A CTE is defined using the WITH keyword followed by a comma-separated list of subqueries, each of which defines a named result set that can be used in subsequent queries. The syntax for a CTE is as follows:

WITH cte_name AS (
    subquery
)
SELECT ...

In this syntax, cte_name is the name of the CTE, and subquery is the subquery that defines the result set. The CTE can then be referenced in subsequent queries as if it were a table or view.

CTEs are particularly useful when working with complex queries that involve multiple levels of subqueries, as they allow you to break down the query into smaller, more manageable pieces that are easier to understand and debug. Additionally, CTEs can help improve query performance by allowing the database to optimize and cache the results of subqueries, reducing the number of times they need to be executed.

Polars supports Common Table Expressions (CTEs) using the WITH clause in SQL syntax.

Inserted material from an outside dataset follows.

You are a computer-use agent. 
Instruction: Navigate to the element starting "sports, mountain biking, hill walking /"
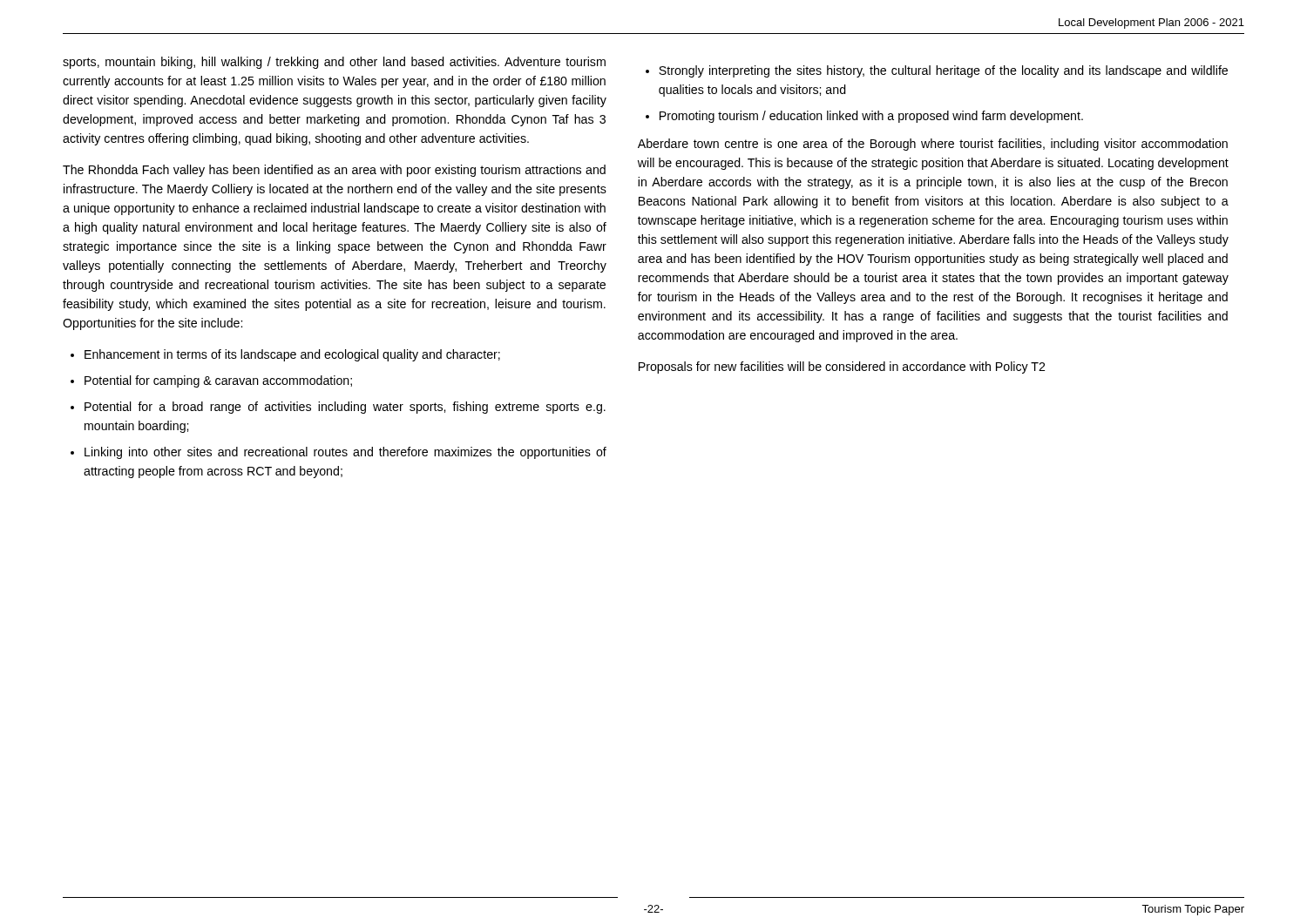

Below is an example

register · execute

ctx = pl.SQLContext()
df = pl.LazyFrame(
    {"name": ["Alice", "Bob", "Charlie", "David"], "age": [25, 30, 35, 40]}
)
ctx.register("my_table", df)

result = ctx.execute(
    """
    WITH older_people AS (
        SELECT * FROM my_table WHERE age > 30
    )
    SELECT * FROM older_people WHERE STARTS_WITH(name,'C')
""",
    eager=True,
)

print(result)

shape: (1, 2)
┌─────────┬─────┐
│ name    ┆ age │
│ ---     ┆ --- │
│ str     ┆ i64 │
╞═════════╪═════╡
│ Charlie ┆ 35  │
└─────────┴─────┘

In this example, we use the execute() method of the SQLContext to execute a SQL query that includes a CTE. The CTE selects all rows from the my_table LazyFrame where the age column is greater than 30 and gives it the alias older_people. We then execute a second SQL query that selects all rows from the older_people CTE where the name column starts with the letter 'C'.